Fig.9 and Fig.10 demonstrate the SEM images and corresponding EDS line scanning results of the S2 and S3 sample interfaces, respectively. In the bottom region of the deposited sample, the difference in microstructure at the interface between 100% 304 stainless steel and 90% 304 stainless steel+10% Mo is obvious, and the interface is clear.
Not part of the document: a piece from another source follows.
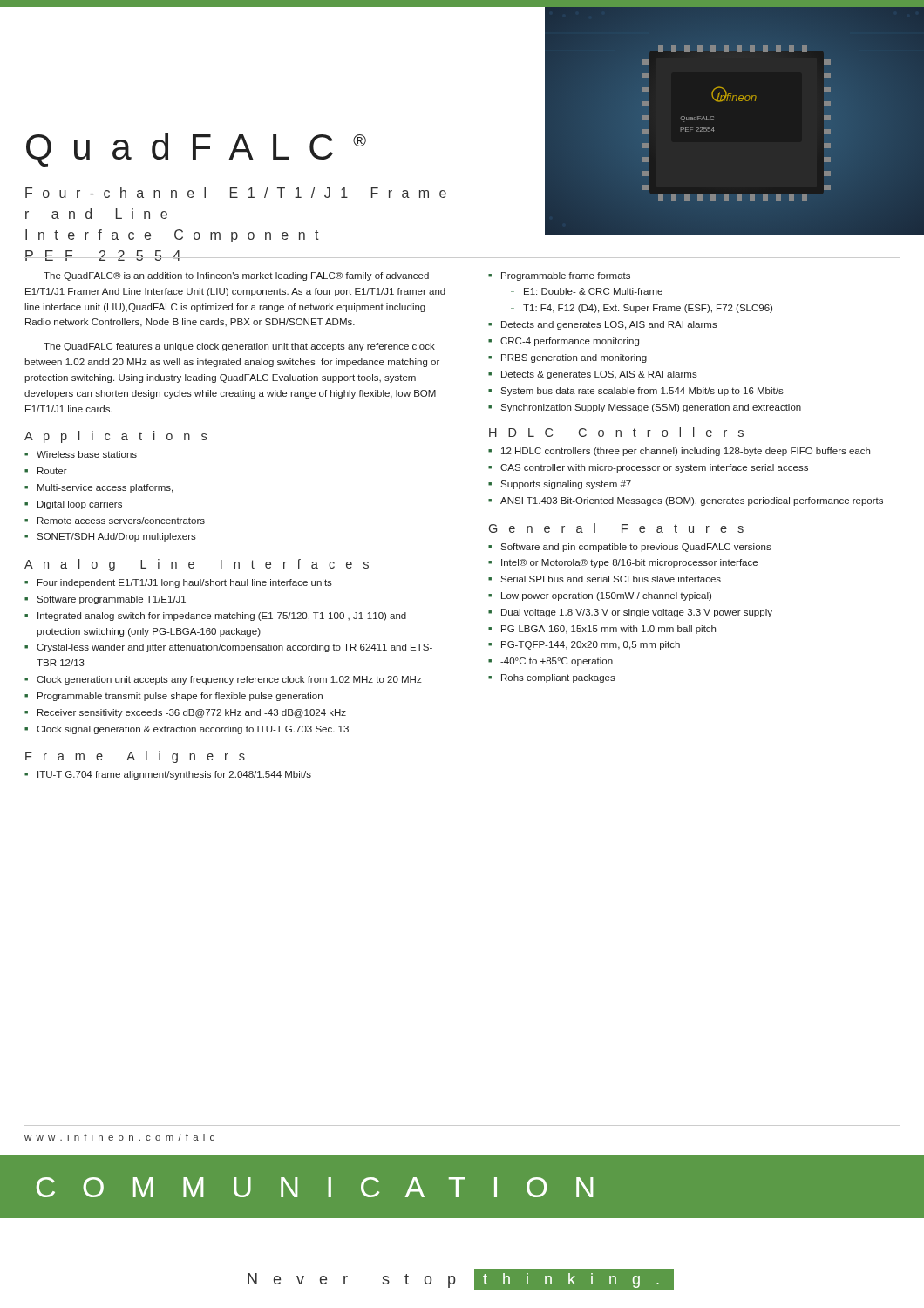
Task: Locate the title with the text "Q u a d F A L C"
Action: (x=197, y=147)

With the increase in Mo content and the number of deposited layers, the mixed region exhibits a relatively homogeneous transition structure, and the layer interface of the sample gradually becomes blurred, as shown in Fig.9i‒9j. The EDS line scanning results confirm the fluctuation of the content of major alloying elements (Mo, Fe, Cr, and Ni) in the adjacent interfacial region. The content of element Mo gradually increases along the direction of sample deposition, while the content of elements Fe, Cr, Ni slowly decreases. S2 sample shows a smoother elemental change due to the small change rate of the composition, and the major elements Fe, Mo, Cr, and Ni in the gradient transition region along the direction of the composition gradient show a good linear relationship. In each composition transition region, due to the impermissible dilution effect, the content of each element gradually changes, alleviating the uneven phenomenon of stepwise elemental changes, which is the result of full diffusion between layers. For the S3 sample with a compositional change rate of 30%, the elemental content of Fe, Mo, Cr, and Ni shows a certain degree of nonlinear relationship. The elemental content at the interface changes sharply, and the elemental transition is not smooth. A comprehensive analysis of the above shows that the reduction of the composition gradient will promote the uni-form transition of the composition without elemental abnor-mal distribution and sharp changes, eliminating the sudden microstructure change in the layer interfacial connection of the heterogeneous materials, which makes the microstructure transition uniform, and ensures the overall performance of the functional gradient material at the same time.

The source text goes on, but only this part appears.